We get in the car to go to lunch. Our original plans entailed going to Red Robin, which Dean thought was close by. As it turns out, Red Robin was actually a casino called Red & Jerry's. No one really cared, we just figured we'd go to a different burger joint. No one, that is, except for FIL. He got super-irritated, whipped the car around, yelled at other drivers for reasons unknown, and generally acted like a big baby about the whole thing.

We settled on going to Chili's. When we got there, there was a five minute wait for a table. FIL had plenty to say about this. He bitched at the host about why we couldn't sit at some table that was cleared. I spent a good part of my early twenties waitressing, so I tried explaining to FIL that the empty table was probably part of a section from a waitstaff who's shift had been cut, but he didn't want to hear it.
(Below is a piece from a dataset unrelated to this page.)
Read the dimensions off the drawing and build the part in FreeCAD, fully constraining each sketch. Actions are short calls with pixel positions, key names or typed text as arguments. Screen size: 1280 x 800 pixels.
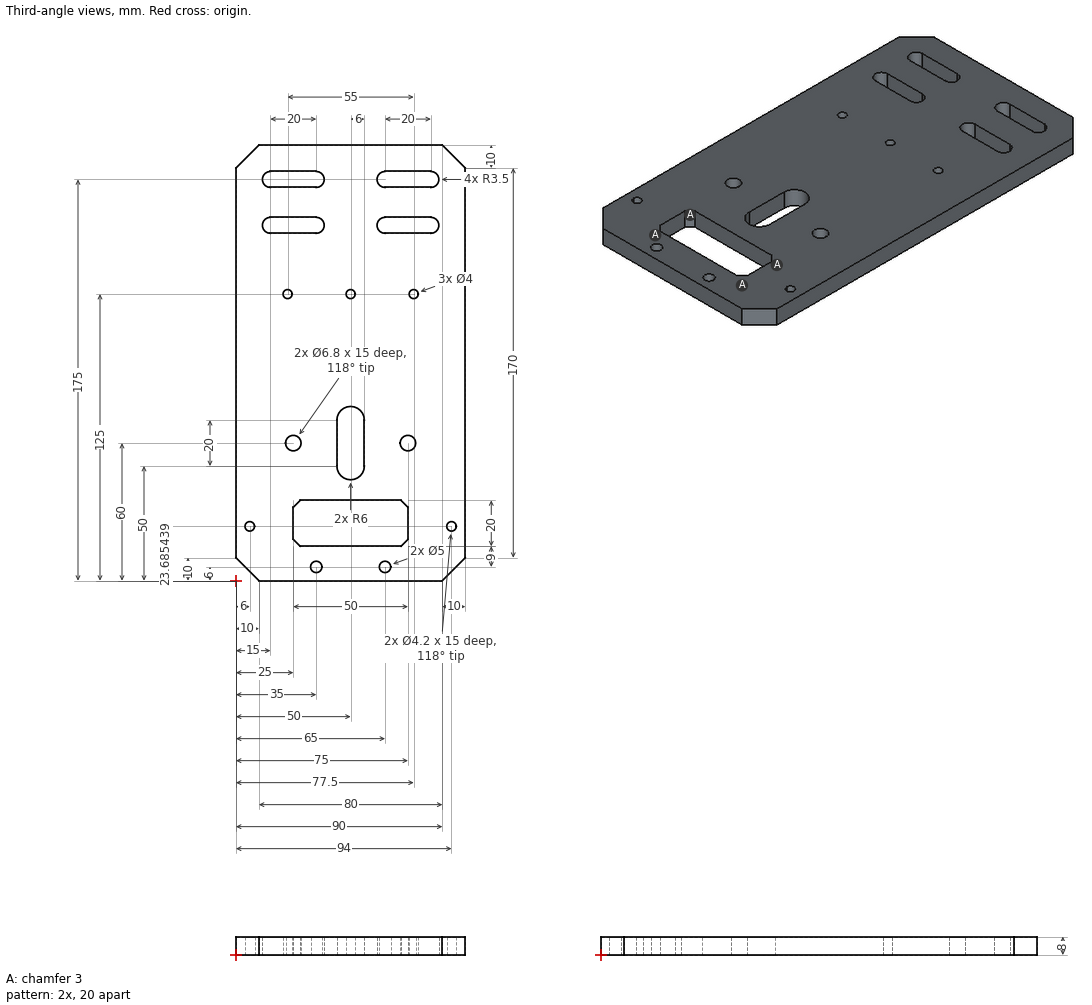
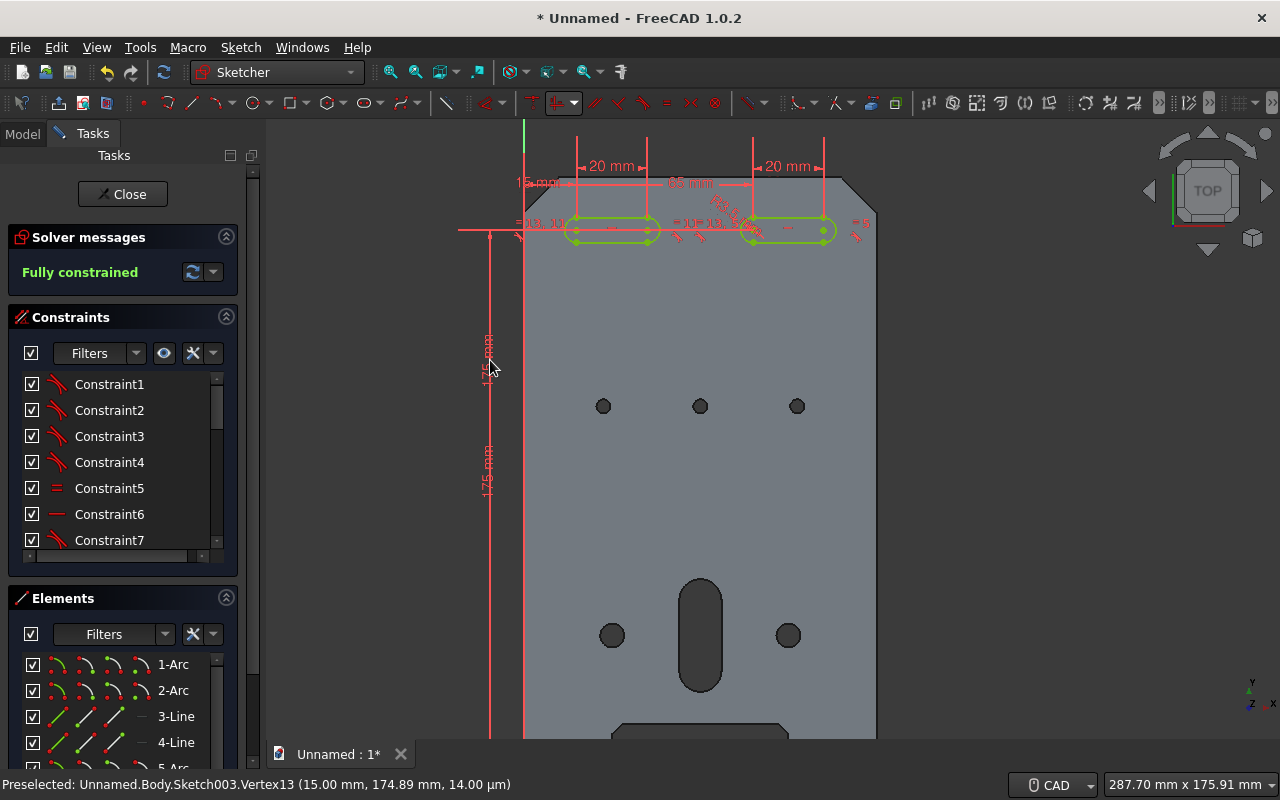
click(123, 194)

We ended up getting seated after about a three minute wait. Both Dean and his dad ordered cheeseburgers well done. As science will tell you, a well-done piece of meat is going to take a longer time to cook than my chicken salad or say, a medium burger. Dean's dad spent the majority of our time at the table complaining about where his food was, bitching when other patrons got food before him (one of which was a family that ordered an appetizer of chips and salsa). I told him that well-done burgers were going to take longer to cook that most food, to which he replied "Oh yeah, right,so it's my fault".

I got so irritated that I went to the bathroom and sat in a stall for ten minutes. I didn't care if they thought I was constipated.

The most infuriating part of the whole ordeal was that he kept blaming the waitress for his food not arriving in a timely manner. Like she was back there, plotting against him, laughing about his foolishness at ordering a well-done burger. To further illustrate his nature, when the waitress came around to refill our drinks, he never said a word to her about where his burger was. He had no problem bitching a blue streak to his family about the shitty service but was too much of a pussy to ask the waitstaff were his food was.

What a miserable experience. When I graduate college, we're going a to a movie. There if he complains, he'll get kicked out.